*** Block opens ***

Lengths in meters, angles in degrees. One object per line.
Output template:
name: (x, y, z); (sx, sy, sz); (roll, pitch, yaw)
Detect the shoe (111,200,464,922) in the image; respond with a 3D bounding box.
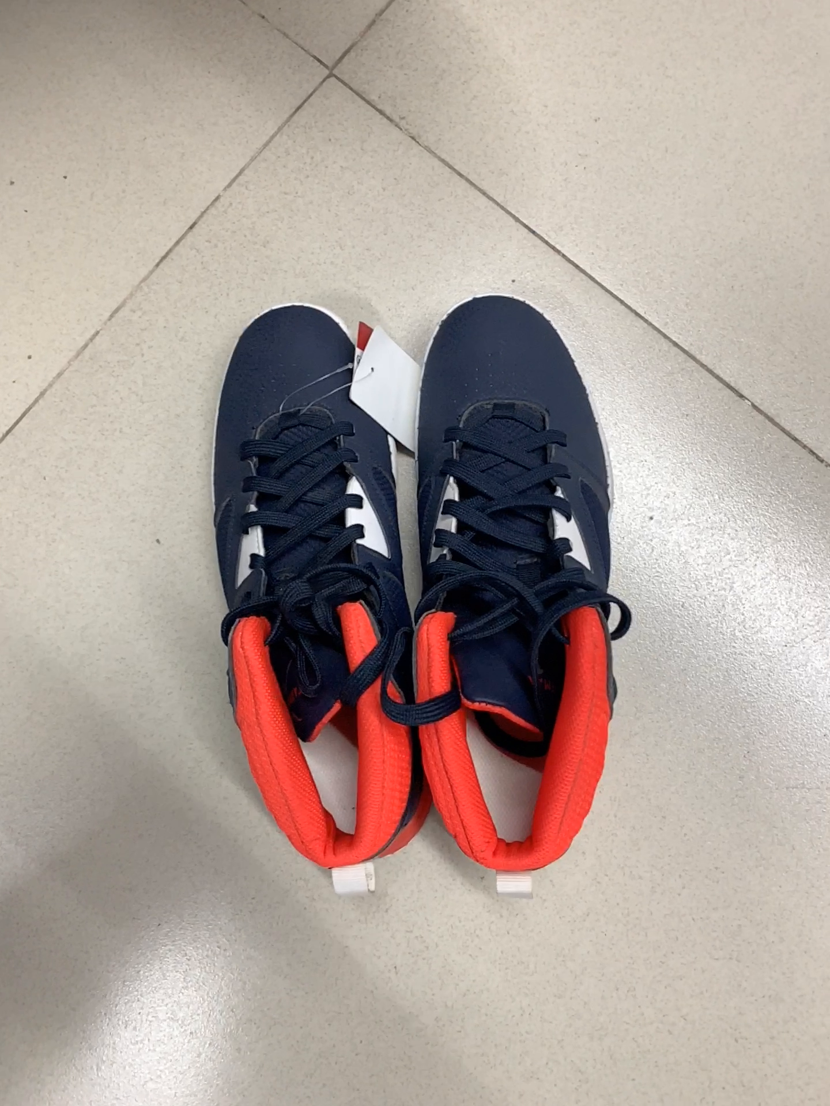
shoe: (-0.055, 0.004, 0.405); (0.110, 0.100, 0.290); (-9, 83, 6)

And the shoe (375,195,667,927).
shoe: (0.046, 0.004, 0.401); (0.110, 0.120, 0.290); (-1, 84, 6)
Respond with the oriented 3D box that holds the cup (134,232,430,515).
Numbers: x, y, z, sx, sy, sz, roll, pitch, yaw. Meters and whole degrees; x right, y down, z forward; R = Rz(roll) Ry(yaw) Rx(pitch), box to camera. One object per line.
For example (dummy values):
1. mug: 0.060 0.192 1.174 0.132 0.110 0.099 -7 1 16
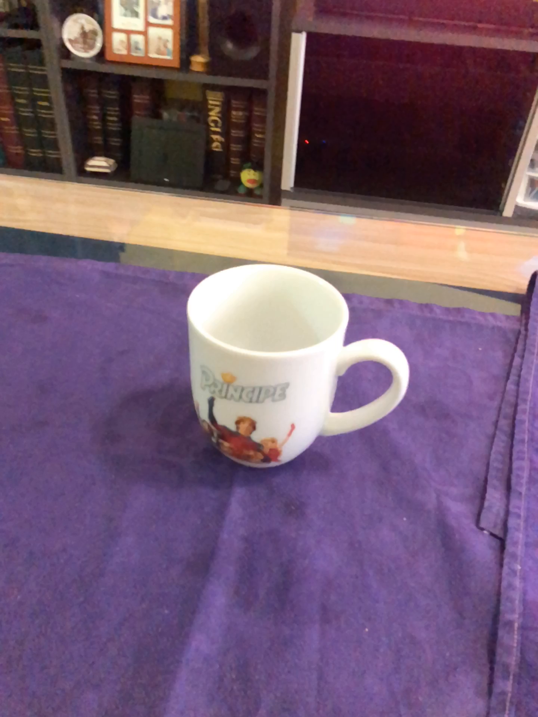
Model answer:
1. cup: 0.008 0.004 0.305 0.120 0.090 0.080 14 40 13
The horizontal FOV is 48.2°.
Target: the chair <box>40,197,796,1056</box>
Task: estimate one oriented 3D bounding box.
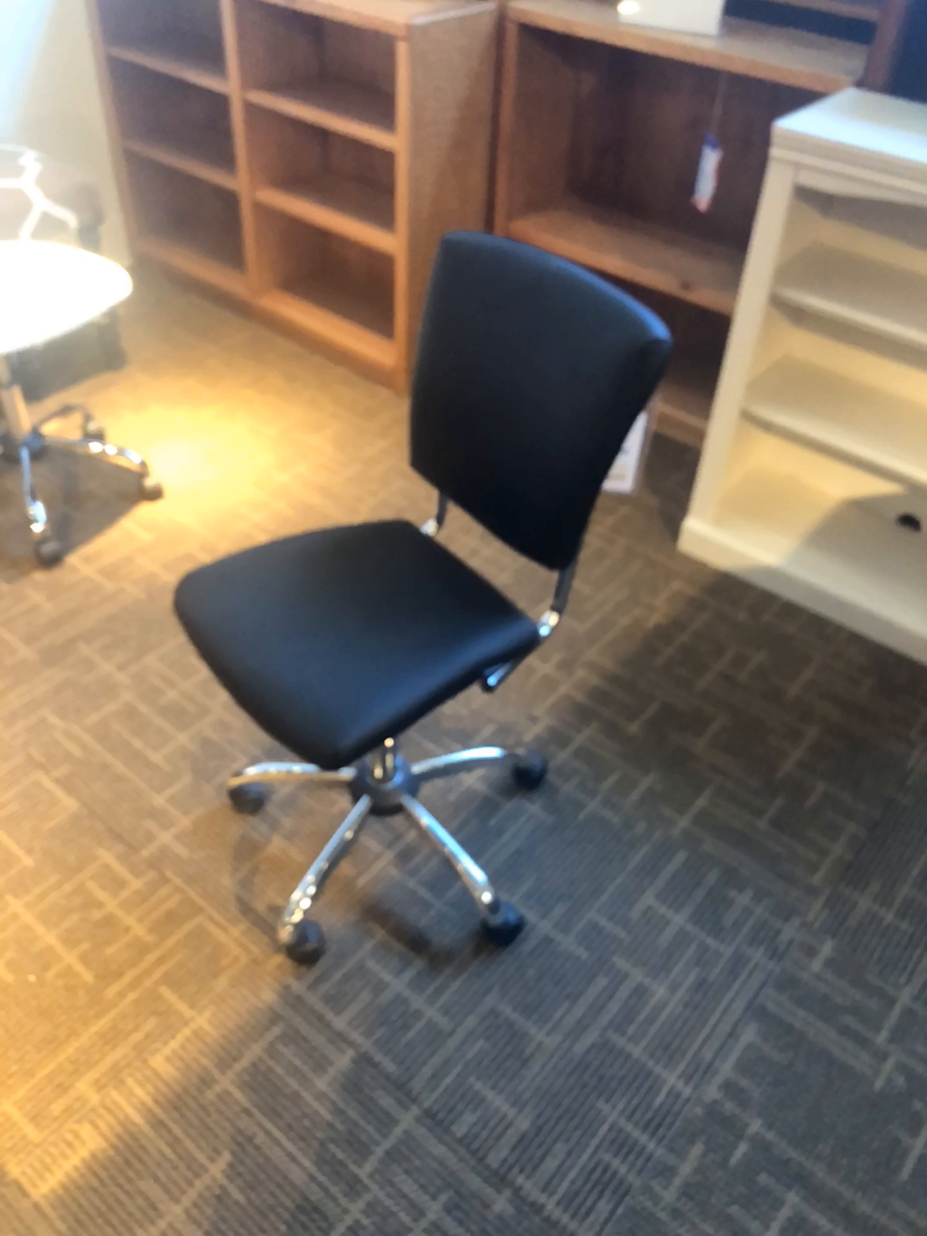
[{"bbox_3d":[-0.072,-0.007,1.407,0.609,0.826,0.575,-26,49,-29],"label":"chair"}]

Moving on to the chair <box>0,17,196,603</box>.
[{"bbox_3d":[-1.055,-0.651,2.180,0.608,0.915,0.585,25,46,24],"label":"chair"}]
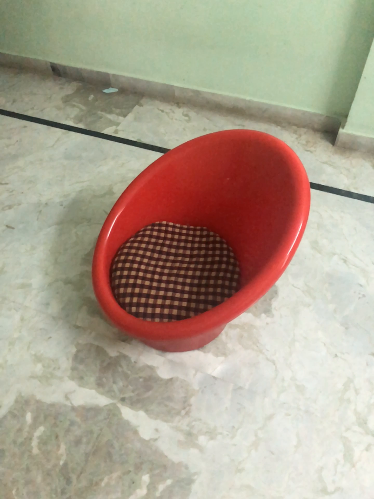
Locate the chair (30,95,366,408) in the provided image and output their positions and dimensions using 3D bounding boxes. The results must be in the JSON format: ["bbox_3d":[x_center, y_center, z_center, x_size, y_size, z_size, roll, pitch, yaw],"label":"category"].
[{"bbox_3d":[0.020,-0.031,1.369,0.741,0.507,0.623,-28,55,-21],"label":"chair"}]

*** Block closes ***

▸ What you will do
Your reply should hold only the lines from the first line of the records through the one with "name: (x, y, z);", reproduced word for word.

▸ Exercise response
Lengths in meters, angles in degrees. One object per line.
Output template:
name: (x, y, z); (sx, sy, sz); (roll, pitch, yaw)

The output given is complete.